The framework presented in this study neglects the time-dependent nature of the parameters used to develop the model using a classification approach rather than a time-series regression model to predict indoor air temperatures. Moreover, it applies univariate discretization only based on temperatures, which inevitably also divides the input parameters into categories, affecting its prediction performance. However, the application of a more complex discretization approach or a regression model that accounts for time-dependent variations will increase the need for more computing power. The simplicity of the method proposed in this paper is grounded in the possibility of its application into mobile devices, giving a meaningful thermal evaluation of users’ indoor environments. Additionally, this method could be used in future research studies to develop techniques to monitor indoor environments with fewer or no sensors. Tronchin et al. [
52] highlighted the importance of limiting the number of sensors in buildings to increase the possibility of monitoring at multiple scales.

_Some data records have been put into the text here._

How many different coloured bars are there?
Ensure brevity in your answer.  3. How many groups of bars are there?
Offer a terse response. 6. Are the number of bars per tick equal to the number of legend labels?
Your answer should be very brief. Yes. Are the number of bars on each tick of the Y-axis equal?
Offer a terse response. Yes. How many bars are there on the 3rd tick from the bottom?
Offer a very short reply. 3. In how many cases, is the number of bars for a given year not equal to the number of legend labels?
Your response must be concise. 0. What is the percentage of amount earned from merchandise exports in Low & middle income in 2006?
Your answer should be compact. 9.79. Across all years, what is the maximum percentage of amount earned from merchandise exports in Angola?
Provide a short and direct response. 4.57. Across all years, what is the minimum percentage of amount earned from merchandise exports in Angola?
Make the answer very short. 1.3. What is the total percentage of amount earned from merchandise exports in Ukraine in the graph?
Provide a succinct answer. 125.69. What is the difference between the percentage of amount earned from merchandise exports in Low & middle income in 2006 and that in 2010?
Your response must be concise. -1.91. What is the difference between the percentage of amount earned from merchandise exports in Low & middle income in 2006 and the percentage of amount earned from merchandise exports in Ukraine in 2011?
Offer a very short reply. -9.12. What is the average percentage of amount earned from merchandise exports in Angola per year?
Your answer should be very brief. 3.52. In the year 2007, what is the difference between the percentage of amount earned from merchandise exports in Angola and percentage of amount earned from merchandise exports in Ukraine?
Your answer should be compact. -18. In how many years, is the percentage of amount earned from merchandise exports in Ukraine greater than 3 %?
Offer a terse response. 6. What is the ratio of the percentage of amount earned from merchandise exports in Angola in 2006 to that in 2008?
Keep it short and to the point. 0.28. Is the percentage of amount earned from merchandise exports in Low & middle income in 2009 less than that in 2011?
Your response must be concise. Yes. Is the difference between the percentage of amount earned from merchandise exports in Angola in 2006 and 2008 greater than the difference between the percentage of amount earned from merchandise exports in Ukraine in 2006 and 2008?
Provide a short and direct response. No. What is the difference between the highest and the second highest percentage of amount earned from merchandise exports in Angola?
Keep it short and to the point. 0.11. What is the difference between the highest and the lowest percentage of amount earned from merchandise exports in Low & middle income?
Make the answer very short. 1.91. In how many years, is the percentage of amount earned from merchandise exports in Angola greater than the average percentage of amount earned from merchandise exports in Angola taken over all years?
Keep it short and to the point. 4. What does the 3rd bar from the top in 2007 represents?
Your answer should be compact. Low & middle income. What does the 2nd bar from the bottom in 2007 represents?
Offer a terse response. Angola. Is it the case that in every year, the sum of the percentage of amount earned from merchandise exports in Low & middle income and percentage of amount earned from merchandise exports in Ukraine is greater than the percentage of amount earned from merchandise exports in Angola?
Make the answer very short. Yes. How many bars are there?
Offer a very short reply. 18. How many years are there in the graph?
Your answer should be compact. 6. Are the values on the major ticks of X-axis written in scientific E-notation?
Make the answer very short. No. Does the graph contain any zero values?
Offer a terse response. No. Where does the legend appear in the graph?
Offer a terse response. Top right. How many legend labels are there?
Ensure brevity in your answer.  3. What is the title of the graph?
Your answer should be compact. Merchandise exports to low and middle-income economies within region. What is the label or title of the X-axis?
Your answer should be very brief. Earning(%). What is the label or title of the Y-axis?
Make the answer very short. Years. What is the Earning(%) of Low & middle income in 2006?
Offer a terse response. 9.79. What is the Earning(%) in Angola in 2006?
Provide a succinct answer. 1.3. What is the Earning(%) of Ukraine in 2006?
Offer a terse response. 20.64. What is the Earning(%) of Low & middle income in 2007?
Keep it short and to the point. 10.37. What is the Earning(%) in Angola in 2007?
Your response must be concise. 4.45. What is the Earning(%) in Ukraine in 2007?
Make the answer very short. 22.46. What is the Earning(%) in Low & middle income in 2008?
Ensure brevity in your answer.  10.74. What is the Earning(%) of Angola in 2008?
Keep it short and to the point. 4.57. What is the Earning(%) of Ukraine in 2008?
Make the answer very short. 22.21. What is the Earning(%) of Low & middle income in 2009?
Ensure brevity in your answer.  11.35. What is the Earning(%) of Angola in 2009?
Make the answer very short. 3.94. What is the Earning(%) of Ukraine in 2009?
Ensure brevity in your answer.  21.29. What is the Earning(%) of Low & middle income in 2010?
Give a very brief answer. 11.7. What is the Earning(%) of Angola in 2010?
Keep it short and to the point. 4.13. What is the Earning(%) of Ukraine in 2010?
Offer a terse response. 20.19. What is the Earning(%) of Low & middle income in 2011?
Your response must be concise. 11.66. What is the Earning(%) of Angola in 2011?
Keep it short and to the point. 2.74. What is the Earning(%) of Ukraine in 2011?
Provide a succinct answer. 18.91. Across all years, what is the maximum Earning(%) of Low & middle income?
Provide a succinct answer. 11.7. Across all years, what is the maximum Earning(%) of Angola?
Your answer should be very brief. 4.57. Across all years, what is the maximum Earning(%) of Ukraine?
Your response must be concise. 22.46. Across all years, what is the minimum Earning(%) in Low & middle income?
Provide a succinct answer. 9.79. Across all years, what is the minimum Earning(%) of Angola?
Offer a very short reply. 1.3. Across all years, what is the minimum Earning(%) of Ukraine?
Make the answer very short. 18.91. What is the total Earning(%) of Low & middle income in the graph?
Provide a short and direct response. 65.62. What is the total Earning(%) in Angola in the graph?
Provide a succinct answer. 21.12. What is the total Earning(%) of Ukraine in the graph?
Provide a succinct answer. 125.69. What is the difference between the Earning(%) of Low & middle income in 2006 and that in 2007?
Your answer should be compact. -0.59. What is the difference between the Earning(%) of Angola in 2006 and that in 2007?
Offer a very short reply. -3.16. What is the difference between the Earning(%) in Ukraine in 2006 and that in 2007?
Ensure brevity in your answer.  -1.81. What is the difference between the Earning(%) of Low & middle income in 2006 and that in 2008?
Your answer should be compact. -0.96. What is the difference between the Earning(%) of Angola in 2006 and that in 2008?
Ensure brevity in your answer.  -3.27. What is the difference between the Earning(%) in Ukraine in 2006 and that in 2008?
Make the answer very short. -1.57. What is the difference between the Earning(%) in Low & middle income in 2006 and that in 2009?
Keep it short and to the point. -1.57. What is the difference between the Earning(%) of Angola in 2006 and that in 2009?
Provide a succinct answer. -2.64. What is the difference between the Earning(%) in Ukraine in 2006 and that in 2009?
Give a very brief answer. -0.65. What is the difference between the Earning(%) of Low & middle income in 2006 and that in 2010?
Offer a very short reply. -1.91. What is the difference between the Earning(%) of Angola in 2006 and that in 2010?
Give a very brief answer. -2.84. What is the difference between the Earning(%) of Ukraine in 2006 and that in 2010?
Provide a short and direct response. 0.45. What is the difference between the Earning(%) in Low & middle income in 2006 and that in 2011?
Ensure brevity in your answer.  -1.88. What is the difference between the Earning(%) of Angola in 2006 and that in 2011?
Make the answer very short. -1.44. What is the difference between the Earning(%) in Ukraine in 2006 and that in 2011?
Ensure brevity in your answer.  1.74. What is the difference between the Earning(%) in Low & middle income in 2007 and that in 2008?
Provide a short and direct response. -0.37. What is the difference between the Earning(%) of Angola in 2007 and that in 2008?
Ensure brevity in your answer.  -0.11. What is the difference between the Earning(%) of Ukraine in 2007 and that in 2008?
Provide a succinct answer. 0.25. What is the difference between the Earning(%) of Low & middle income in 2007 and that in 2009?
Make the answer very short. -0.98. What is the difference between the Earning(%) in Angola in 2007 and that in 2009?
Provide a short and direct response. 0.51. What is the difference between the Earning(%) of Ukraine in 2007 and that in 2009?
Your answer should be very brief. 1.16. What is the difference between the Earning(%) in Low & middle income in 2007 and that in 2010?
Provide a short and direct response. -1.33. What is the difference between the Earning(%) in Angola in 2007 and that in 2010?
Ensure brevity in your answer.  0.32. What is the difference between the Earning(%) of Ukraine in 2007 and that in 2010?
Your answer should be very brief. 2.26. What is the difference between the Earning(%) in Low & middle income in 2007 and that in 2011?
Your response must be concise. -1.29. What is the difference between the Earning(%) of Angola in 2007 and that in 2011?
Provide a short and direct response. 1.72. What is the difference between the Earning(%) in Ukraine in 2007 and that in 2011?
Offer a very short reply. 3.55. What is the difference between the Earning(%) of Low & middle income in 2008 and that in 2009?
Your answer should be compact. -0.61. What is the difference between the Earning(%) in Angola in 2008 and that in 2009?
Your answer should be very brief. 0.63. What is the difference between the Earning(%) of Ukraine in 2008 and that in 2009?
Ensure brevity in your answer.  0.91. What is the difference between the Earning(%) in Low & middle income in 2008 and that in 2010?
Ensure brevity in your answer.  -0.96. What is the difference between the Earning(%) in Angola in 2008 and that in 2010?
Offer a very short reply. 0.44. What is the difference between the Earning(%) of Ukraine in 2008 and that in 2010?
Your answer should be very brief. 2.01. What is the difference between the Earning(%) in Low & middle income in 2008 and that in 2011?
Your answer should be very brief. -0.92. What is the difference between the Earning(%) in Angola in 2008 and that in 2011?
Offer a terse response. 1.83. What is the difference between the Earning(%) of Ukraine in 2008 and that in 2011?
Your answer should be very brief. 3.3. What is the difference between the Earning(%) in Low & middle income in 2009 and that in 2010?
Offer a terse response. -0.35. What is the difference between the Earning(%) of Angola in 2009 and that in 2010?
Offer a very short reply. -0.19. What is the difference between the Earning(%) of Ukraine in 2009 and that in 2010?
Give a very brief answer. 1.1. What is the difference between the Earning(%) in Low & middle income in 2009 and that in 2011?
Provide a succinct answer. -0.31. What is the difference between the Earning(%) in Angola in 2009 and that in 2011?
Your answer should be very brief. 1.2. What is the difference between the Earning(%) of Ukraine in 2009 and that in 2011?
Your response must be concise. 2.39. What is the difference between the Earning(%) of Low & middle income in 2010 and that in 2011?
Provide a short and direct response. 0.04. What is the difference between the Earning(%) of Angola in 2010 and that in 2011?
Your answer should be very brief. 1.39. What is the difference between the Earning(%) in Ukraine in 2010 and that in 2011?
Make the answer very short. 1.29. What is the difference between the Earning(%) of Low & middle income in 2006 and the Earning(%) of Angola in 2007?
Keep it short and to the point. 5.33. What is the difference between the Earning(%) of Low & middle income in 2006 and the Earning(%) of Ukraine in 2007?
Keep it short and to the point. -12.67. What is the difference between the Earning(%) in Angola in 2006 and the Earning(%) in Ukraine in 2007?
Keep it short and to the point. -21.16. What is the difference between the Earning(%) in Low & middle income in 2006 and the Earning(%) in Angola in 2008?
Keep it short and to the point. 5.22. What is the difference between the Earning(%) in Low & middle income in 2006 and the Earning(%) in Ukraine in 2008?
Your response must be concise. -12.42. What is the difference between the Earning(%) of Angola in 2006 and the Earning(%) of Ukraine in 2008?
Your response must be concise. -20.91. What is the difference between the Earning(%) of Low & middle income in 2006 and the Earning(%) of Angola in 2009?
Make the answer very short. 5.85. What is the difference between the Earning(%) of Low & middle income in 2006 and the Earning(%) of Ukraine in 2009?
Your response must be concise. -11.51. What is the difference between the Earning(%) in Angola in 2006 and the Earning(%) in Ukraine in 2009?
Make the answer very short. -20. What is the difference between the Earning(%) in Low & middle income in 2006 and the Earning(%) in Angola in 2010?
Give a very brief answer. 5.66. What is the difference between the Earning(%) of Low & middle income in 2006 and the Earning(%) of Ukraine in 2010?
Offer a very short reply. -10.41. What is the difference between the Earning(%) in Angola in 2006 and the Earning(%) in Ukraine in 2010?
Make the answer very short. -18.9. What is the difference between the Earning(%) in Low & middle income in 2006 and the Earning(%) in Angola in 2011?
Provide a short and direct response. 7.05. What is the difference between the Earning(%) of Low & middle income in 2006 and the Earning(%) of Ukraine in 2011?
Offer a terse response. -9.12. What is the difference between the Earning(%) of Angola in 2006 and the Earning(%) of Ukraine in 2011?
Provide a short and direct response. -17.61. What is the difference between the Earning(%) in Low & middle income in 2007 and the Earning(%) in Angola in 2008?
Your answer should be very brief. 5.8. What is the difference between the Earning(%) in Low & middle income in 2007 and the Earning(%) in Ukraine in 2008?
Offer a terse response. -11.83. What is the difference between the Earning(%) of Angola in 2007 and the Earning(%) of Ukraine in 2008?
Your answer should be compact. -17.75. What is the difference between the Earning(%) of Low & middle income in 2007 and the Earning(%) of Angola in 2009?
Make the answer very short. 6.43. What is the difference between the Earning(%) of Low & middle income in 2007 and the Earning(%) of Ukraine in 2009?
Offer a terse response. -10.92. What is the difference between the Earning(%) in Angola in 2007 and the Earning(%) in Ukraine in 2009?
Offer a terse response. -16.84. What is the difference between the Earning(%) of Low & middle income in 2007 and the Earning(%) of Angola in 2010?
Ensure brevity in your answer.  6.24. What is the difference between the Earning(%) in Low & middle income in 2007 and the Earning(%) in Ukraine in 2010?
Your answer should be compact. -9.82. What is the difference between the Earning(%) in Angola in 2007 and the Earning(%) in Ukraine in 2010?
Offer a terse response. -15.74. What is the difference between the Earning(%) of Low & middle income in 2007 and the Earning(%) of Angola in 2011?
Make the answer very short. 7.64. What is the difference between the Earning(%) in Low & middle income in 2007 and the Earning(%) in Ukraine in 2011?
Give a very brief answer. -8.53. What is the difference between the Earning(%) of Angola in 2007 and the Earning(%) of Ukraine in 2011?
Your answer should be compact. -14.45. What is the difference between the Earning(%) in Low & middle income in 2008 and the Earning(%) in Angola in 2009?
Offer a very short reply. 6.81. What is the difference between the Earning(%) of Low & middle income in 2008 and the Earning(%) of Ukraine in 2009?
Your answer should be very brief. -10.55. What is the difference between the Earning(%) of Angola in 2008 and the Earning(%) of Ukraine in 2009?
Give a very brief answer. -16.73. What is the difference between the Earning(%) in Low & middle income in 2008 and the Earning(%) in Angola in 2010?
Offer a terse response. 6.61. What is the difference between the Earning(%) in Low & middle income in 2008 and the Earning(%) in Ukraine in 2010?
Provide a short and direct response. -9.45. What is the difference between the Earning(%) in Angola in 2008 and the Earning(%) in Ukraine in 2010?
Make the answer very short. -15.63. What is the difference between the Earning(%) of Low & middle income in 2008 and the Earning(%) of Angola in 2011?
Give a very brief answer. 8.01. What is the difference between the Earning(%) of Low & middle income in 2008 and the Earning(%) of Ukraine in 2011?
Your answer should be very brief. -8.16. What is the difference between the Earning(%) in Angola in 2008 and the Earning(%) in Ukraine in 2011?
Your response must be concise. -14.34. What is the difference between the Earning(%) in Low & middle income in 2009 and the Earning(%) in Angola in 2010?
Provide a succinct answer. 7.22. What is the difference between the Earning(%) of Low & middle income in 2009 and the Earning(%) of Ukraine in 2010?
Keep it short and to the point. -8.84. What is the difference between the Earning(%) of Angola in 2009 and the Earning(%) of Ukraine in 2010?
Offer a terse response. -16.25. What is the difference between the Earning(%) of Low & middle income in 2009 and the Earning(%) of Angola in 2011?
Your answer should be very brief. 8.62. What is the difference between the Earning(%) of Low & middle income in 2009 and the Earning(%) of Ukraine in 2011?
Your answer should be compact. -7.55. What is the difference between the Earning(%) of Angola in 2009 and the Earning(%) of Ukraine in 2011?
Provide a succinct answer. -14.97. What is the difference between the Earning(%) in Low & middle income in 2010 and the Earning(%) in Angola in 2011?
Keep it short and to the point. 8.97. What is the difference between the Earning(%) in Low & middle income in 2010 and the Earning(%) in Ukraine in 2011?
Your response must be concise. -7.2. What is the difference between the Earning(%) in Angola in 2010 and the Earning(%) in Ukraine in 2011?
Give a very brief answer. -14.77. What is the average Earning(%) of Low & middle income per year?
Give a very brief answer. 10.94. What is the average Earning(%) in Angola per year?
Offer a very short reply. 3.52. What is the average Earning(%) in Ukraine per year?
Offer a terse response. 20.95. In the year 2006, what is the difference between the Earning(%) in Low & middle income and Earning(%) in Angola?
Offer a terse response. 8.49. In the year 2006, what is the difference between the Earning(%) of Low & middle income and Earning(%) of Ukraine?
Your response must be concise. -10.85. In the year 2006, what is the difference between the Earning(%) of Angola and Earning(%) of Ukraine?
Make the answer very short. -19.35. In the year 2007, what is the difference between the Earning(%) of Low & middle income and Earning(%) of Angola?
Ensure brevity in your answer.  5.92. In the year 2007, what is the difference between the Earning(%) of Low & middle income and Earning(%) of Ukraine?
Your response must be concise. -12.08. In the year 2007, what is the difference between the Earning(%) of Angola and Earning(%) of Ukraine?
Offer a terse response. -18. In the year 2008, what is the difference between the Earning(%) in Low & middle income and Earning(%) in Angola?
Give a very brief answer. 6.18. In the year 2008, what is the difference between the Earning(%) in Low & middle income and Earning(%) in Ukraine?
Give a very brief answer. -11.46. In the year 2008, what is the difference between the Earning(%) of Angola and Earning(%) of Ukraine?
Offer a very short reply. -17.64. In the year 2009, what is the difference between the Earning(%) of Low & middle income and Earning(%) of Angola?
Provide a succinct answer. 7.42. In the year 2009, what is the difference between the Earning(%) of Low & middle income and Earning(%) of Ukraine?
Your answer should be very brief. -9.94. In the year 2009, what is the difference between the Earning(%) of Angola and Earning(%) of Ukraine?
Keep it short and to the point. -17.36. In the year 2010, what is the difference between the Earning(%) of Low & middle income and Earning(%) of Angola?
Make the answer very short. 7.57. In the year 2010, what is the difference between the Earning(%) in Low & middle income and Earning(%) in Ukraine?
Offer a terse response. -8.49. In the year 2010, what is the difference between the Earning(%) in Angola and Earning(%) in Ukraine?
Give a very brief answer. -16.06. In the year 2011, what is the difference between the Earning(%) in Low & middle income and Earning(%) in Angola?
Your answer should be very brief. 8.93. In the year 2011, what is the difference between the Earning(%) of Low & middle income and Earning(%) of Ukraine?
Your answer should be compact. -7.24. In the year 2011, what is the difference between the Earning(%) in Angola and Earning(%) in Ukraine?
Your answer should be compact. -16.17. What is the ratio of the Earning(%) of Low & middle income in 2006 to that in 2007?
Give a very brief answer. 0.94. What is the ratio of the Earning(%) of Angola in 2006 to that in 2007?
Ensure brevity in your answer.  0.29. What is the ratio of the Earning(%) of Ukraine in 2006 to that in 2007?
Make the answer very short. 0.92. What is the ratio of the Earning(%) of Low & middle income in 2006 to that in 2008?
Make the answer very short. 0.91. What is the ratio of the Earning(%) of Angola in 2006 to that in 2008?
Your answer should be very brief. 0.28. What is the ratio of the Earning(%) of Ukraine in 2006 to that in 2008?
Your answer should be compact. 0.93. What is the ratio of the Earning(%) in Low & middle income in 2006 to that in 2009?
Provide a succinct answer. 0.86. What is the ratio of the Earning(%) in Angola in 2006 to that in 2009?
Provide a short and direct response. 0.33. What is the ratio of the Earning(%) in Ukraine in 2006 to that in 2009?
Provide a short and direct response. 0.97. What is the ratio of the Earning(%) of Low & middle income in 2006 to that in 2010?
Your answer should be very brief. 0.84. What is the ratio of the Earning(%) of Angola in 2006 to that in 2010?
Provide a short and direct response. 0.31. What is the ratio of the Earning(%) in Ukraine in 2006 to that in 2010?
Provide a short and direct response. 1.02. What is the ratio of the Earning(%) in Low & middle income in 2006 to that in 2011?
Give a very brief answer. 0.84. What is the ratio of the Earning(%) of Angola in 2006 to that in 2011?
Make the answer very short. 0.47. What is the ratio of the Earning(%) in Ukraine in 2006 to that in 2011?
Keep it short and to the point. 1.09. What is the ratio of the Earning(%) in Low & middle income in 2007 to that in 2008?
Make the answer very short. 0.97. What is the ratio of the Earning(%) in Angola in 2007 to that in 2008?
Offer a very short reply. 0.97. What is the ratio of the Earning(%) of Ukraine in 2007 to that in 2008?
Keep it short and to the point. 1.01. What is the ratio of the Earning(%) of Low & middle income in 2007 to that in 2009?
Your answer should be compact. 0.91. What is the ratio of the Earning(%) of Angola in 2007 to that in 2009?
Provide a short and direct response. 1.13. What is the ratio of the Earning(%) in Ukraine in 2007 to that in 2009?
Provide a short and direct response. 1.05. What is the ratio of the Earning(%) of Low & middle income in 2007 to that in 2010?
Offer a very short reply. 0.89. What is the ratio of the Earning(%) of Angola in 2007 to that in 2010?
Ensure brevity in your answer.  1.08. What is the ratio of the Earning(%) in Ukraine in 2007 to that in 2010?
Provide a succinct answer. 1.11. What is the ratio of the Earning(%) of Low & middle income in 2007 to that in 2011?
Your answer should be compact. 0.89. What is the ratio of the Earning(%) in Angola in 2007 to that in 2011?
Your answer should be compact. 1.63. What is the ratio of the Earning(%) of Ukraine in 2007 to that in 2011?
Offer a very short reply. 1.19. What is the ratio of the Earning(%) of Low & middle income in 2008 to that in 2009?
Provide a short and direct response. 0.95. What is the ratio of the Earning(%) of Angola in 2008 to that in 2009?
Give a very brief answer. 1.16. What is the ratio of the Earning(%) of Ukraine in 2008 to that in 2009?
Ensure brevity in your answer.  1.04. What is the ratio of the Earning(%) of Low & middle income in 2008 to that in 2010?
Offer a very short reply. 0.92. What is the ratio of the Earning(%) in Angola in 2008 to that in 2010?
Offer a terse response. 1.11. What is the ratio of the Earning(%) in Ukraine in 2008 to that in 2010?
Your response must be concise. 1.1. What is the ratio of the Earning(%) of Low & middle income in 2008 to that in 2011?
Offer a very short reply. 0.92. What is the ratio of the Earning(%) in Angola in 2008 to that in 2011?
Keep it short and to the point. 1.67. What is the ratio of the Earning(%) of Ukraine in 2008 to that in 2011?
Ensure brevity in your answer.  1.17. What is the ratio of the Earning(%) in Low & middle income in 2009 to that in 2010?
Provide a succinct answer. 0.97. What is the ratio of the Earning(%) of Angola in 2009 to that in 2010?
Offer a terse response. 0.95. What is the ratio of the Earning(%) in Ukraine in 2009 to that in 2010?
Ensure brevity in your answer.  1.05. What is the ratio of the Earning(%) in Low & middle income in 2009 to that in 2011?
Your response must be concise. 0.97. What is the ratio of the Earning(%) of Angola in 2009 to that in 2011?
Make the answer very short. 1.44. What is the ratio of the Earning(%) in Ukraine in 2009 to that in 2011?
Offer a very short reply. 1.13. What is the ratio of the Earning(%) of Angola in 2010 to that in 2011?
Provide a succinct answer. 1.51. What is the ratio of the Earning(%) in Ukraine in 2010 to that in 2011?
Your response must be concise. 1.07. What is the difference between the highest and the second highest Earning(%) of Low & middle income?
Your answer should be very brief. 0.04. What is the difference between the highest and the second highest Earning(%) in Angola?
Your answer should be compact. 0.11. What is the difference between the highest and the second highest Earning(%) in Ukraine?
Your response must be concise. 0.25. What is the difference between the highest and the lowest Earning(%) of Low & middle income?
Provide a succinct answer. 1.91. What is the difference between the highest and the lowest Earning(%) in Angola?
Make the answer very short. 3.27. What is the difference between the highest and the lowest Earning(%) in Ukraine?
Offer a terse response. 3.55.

The generalization of the TA-prediction model depends on its ability to produce correct predictions under different conditions (e.g., building type, climate, occupants). The measured data considered in this study accounted for only one climate and one building code. The simulated data had a wider geographical scope to include different climates and improve the generalizability of the prediction. However, more research efforts should be made to develop a comprehensive database that allows the analysis of building performance, indoor environment and occupant behavior under an even wider range of conditions and improves the prediction power of data-driven models.